TASK BRIEF: Somewhere below, one line contains "text __________ [177, 717, 1122, 746]" and a later line contains "table_header _____________ (pareiškėjo". Output those two lines and everything between them exactly, and nothing else.
BEGIN DATA IN THIS EXERCISE
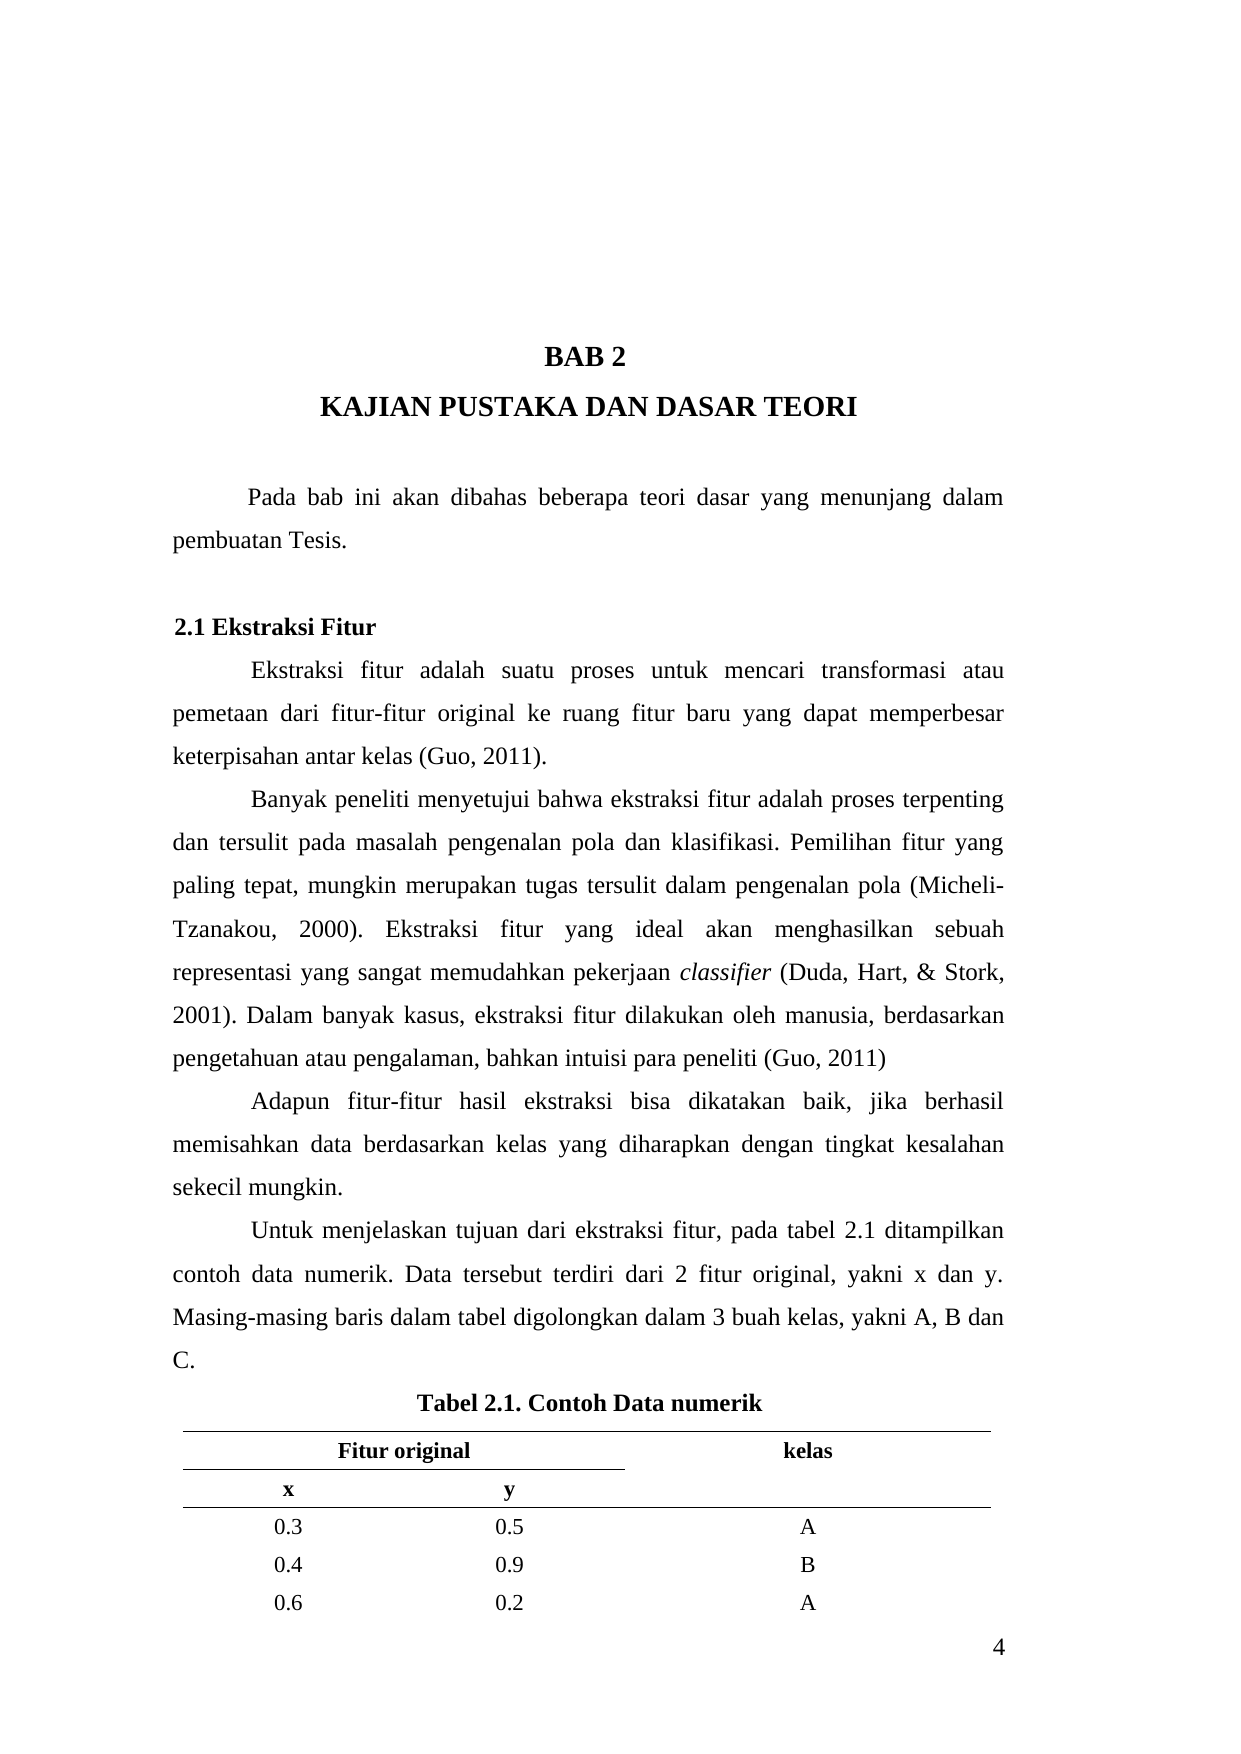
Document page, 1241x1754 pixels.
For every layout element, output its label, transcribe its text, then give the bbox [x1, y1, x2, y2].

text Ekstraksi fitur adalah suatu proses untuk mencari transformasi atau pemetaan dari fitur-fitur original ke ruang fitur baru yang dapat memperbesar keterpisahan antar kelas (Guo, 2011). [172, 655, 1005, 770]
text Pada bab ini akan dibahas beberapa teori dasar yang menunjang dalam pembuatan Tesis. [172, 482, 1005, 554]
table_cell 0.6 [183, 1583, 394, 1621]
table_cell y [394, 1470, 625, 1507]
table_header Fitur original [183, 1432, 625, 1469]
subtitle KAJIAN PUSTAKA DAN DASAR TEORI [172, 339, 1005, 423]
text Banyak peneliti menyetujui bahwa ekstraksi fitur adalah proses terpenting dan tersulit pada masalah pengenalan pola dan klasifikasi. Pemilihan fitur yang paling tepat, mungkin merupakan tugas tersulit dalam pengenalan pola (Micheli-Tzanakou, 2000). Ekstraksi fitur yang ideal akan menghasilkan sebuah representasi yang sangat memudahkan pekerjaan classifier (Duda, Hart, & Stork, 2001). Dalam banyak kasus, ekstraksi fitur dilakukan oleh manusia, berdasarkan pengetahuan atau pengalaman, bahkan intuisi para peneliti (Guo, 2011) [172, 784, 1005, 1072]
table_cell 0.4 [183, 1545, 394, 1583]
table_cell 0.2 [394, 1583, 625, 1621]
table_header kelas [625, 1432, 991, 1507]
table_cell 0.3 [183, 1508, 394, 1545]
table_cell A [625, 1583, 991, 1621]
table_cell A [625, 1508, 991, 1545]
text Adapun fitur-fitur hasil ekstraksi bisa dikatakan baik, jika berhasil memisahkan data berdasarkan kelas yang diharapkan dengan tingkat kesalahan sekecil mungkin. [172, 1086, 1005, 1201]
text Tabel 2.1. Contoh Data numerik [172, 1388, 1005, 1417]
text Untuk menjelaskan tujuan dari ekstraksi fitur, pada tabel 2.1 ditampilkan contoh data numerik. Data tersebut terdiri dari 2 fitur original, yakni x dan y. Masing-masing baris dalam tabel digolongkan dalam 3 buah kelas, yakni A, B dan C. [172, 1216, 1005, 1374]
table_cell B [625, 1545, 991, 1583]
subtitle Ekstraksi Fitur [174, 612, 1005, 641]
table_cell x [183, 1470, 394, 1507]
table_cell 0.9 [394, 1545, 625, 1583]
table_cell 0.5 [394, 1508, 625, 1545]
END DATA IN THIS EXERCISE
BEGIN DATA IN THIS EXERCISE
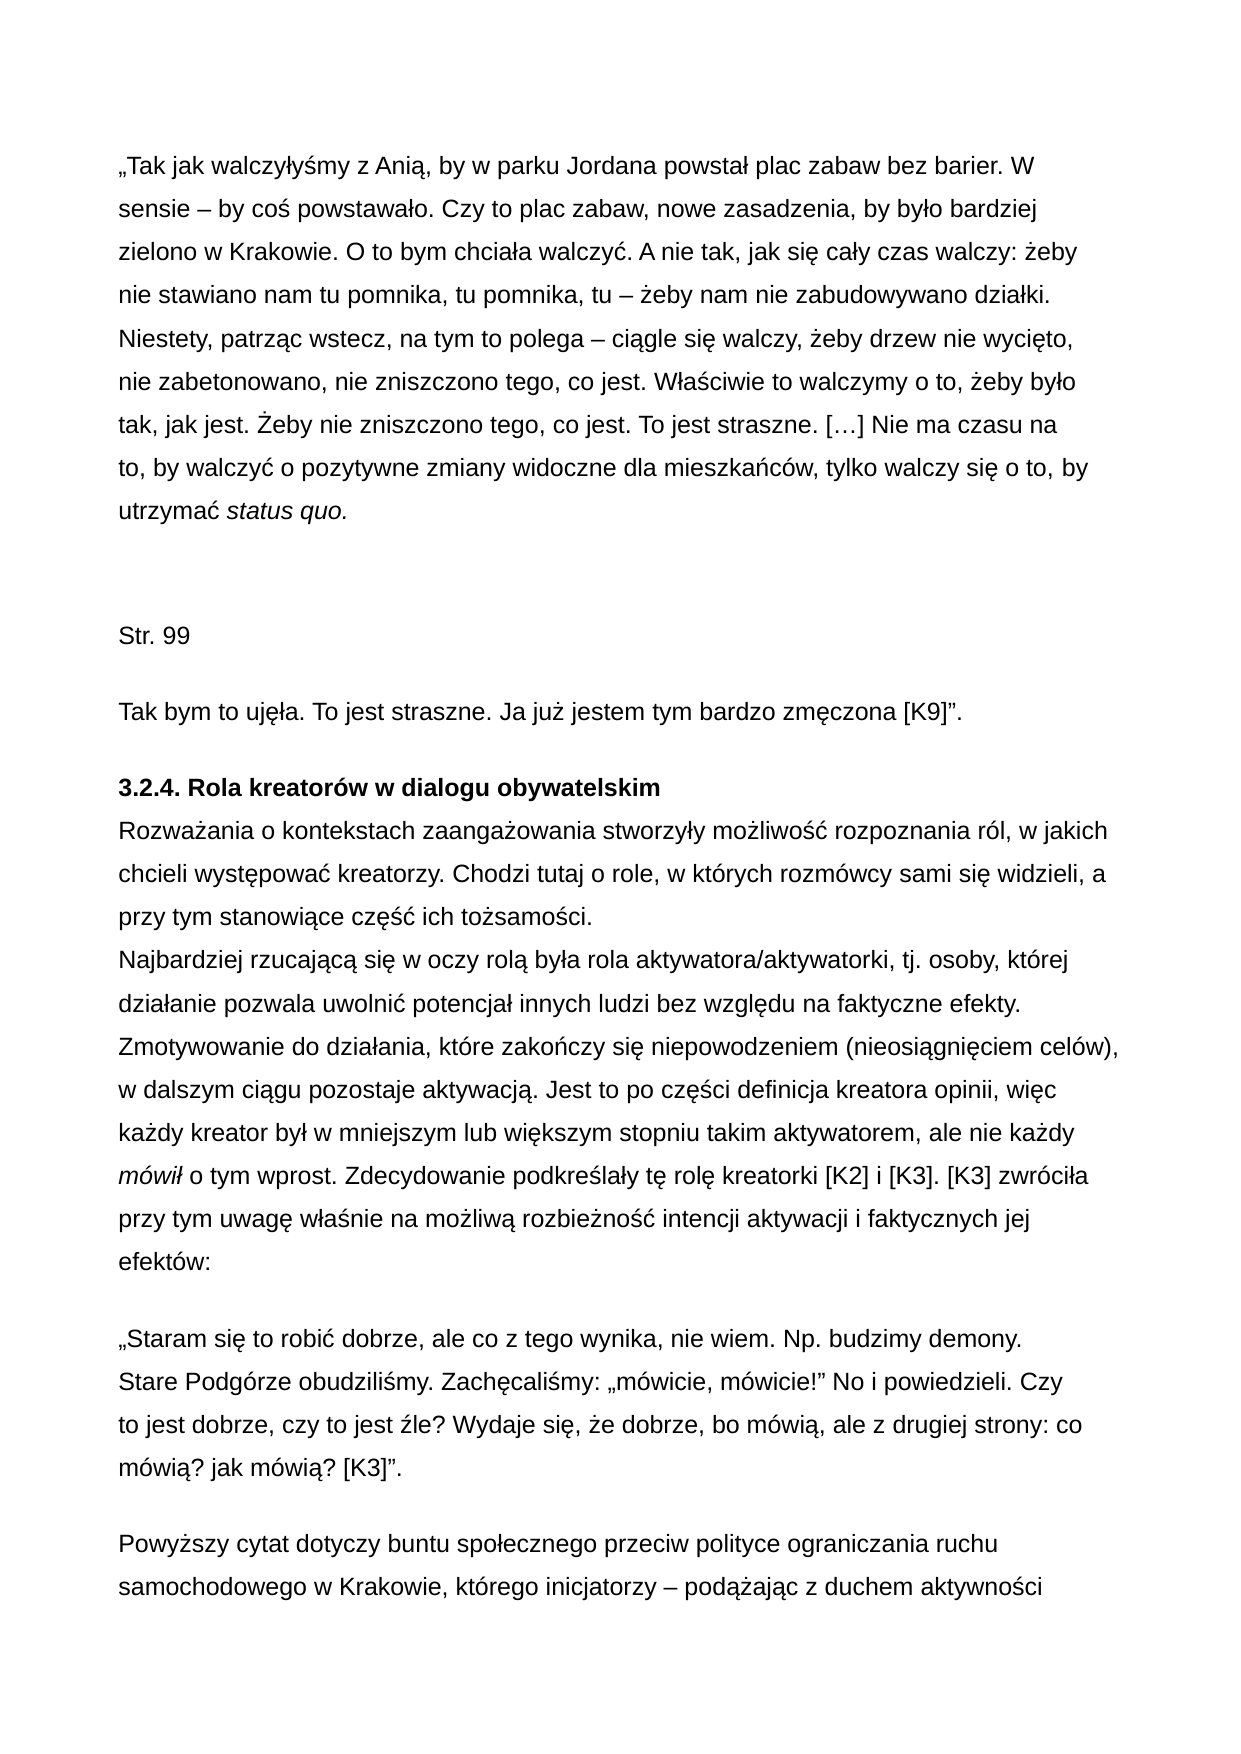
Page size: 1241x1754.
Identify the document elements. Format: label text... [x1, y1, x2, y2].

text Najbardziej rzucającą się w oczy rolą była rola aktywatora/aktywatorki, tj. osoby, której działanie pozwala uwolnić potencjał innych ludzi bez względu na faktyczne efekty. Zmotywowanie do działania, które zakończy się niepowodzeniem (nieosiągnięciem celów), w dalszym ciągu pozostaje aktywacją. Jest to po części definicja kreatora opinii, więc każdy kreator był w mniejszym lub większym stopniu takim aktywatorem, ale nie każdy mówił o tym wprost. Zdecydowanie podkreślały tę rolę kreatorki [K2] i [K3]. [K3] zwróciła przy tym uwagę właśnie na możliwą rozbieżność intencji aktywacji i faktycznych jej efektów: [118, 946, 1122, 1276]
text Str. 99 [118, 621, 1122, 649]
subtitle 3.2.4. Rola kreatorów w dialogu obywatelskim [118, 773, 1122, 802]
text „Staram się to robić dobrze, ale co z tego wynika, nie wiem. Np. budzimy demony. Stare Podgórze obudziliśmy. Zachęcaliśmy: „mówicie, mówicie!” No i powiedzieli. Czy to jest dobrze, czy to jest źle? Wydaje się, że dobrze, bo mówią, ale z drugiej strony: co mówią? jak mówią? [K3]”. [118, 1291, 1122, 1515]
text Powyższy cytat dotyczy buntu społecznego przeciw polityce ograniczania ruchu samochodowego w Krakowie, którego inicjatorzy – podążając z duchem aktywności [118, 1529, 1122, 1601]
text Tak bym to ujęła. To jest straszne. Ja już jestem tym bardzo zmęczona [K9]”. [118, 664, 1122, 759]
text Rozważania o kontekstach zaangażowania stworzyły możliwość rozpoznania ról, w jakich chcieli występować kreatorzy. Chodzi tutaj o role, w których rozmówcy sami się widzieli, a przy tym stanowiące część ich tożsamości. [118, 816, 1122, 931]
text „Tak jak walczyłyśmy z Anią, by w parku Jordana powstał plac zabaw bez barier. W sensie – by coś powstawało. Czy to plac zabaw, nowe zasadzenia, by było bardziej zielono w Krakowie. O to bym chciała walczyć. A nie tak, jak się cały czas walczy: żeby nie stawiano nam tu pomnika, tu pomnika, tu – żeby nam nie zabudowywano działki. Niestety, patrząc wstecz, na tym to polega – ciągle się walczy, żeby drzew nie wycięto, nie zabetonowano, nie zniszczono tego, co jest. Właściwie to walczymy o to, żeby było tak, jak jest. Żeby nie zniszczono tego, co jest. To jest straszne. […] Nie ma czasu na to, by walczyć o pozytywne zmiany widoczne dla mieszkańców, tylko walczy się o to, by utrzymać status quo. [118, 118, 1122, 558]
END DATA IN THIS EXERCISE
BEGIN DATA IN THIS EXERCISE
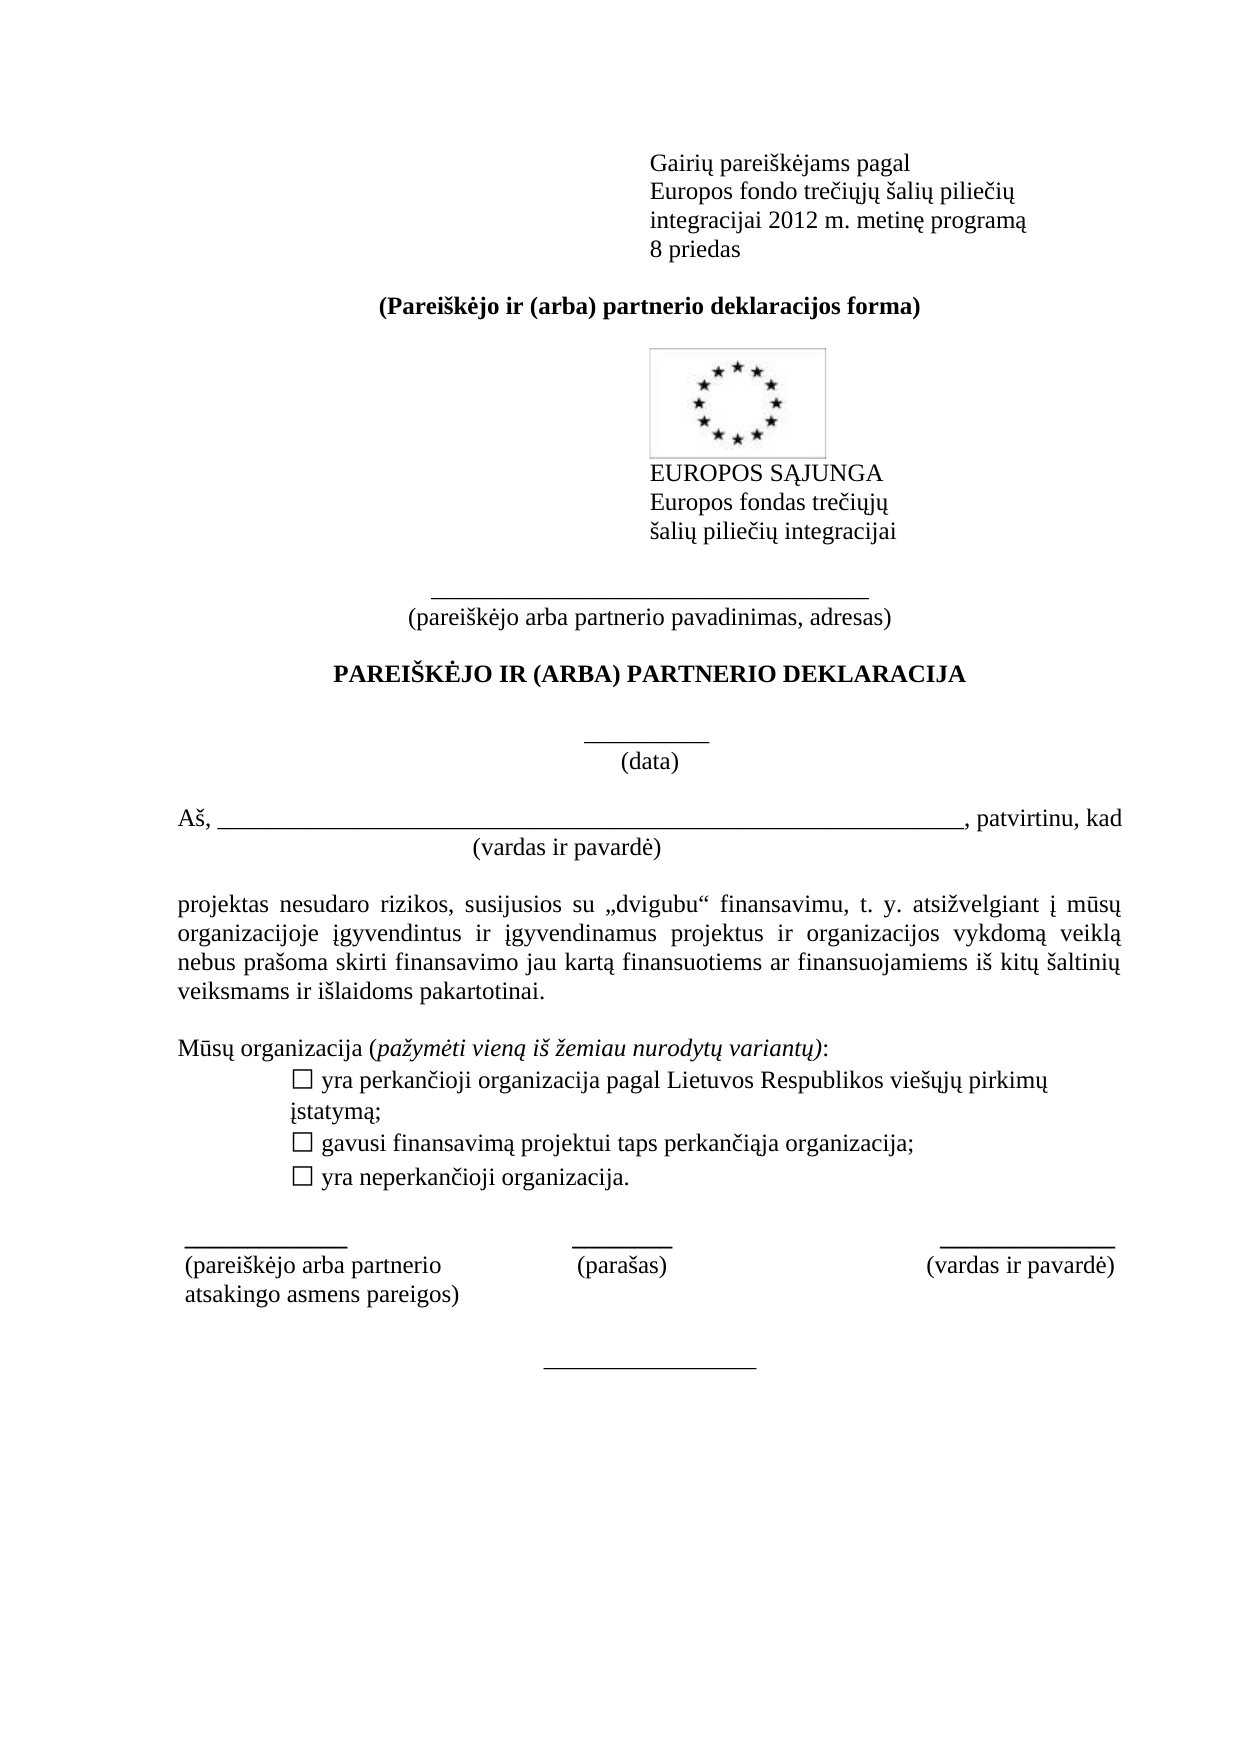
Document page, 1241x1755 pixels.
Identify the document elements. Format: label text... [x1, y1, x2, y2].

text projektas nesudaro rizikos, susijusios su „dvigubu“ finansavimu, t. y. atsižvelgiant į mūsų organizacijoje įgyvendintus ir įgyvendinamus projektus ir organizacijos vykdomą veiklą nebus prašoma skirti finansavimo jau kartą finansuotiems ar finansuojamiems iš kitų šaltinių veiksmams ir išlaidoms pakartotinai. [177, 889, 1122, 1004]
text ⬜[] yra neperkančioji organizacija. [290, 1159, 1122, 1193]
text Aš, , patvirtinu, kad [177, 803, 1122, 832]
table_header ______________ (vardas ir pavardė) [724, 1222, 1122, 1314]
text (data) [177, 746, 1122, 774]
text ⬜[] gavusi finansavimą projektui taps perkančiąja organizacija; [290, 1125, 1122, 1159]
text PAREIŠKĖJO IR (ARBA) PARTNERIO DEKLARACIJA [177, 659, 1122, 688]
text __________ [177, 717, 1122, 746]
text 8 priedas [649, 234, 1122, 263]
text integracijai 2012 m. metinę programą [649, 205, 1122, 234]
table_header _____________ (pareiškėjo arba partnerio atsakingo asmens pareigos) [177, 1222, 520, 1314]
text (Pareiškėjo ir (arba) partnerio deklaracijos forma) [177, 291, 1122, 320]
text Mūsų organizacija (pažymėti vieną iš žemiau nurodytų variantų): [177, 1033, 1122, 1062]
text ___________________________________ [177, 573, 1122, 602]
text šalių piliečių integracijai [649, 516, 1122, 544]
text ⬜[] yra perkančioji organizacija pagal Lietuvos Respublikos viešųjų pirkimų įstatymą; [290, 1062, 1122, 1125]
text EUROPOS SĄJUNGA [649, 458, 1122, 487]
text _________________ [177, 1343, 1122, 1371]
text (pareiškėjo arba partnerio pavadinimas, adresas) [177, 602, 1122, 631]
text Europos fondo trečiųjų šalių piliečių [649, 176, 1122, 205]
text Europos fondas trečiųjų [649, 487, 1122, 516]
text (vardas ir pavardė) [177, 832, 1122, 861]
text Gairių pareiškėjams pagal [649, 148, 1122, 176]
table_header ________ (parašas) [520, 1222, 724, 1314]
END DATA IN THIS EXERCISE
EXERCISE OUTPUT:
text __________ [177, 717, 1122, 746]
text 8 priedas [649, 234, 1122, 263]
text integracijai 2012 m. metinę programą [649, 205, 1122, 234]
table_header _____________ (pareiškėjo arba partnerio atsakingo asmens pareigos) [177, 1222, 520, 1314]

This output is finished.